Jedną z pierwszych rzeczy, na którą zwróciłem uwagę, przypatrując się nielegalnemu przemysłowi narkotykowemu oczami ekonomisty, było to, że wiele robiących wrażenie liczb przywoływanych przez urzędników zajmujących się walką z narkotykami po prostu nie miało sensu. Niedługo po moim przyjeździe do Meksyku rozpalono w Tijuanie ogromne narkotykowe ognisko. Żołnierze zapalili podpałkę i stanęli w odpowiedniej odległości, a sto trzydzieści cztery tony marihuany zamieniły się w gęsty, aromatyczny dym. Towar odkryty w sześciu kontenerach w magazynie na obrzeżach miasta był największym sukcesem operacji antynarkotykowej w historii kraju. Narkotyki były gotowe do eksportu: ciasno zapakowane w piętnaście tysięcy paczek wielkości worków z piaskiem i oznaczone logotypami zwierząt, uśmiechniętych buziek oraz wizerunkami Homera Simpsona, którymi przemytnicy oznaczali miejsca docelowe dla swoich produktów. Po tym, jak pakunki przetestowano, zważono i sfotografowano, ułożono je w wysoki stos, obficie polano benzyną i podpalono. Wokół zgromadził się tłum, a żołnierze z karabinami maszynowymi pilnowali, aby nikt nie stał z wiatrem od halucynogennego ogniska. Generał Alfonso Duarte Múgica, dowódca armii meksykańskiej w tym regionie, z dumą ogłosił, że żarzący się towar miał wartość czterech miliardów peso, co stanowiło wówczas odpowiednik około trzystu czterdziestu milionów dolarów.
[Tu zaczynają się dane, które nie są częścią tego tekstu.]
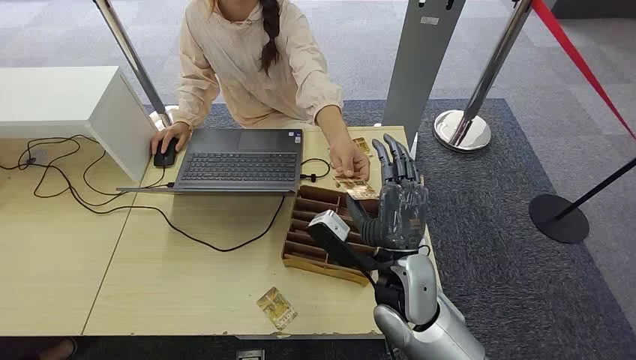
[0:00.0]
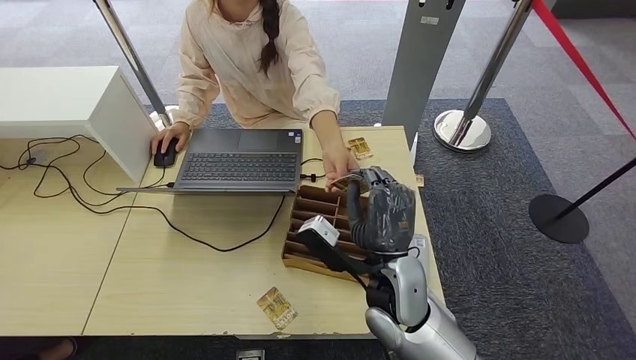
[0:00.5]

Niektóre amerykańskie gazety posunęły się jeszcze dalej, donosząc, że łup był wart niemal pół miliarda dolarów, jeśli kierować się wartością przechwyconych narkotyków na rynku amerykańskim.
Pobieżna analiza pokazuje, że obie strony myliły się w swoich szacunkach. Obliczenia generała Duarte zdają się opierać na założeniu, że gram marihuany można kupić w Meksyku za odpowiednik trzech dolarów. Jeśli pomnożyć to przez sto ton, otrzymamy całkowitą wartość towaru w wysokości około trzystu milionów dolarów. W Stanach Zjednoczonych gram może kosztować bliżej pięciu dolarów i stąd założenie, że łup był wart pół miliarda. Rachunek wydaje się zgodny z logiką, nawet jeśli szacunek jest bardzo przybliżony. Ale to niedorzeczne. Przyjrzyjmy się innemu wielce uzależniającemu towarowi eksportowemu Ameryki Łacińskiej: argentyńskiej wołowinie. W restauracji na Manhattanie stek o wadze dwustu trzydziestu gramów może kosztować pięćdziesiąt dolarów, czyli dwadzieścia dwa centy za gram. Jeśli kierować się logiką generała Duarte, wół o wadze pół tony będzie wart ponad sto tysięcy dolarów.